= About this task =
Return exactly the span of lines that opens with the line containing "What would an" and closes with the last line of the data, inclusive.

= Entries supplied =
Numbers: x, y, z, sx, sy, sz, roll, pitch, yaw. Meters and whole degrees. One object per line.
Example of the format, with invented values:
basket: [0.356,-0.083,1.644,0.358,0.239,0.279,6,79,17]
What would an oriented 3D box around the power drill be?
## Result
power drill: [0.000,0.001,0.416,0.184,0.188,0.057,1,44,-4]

= Answer to the problem =
What would an oriented 3D box around the power drill be?
## Result
power drill: [0.000,0.001,0.416,0.184,0.188,0.057,1,44,-4]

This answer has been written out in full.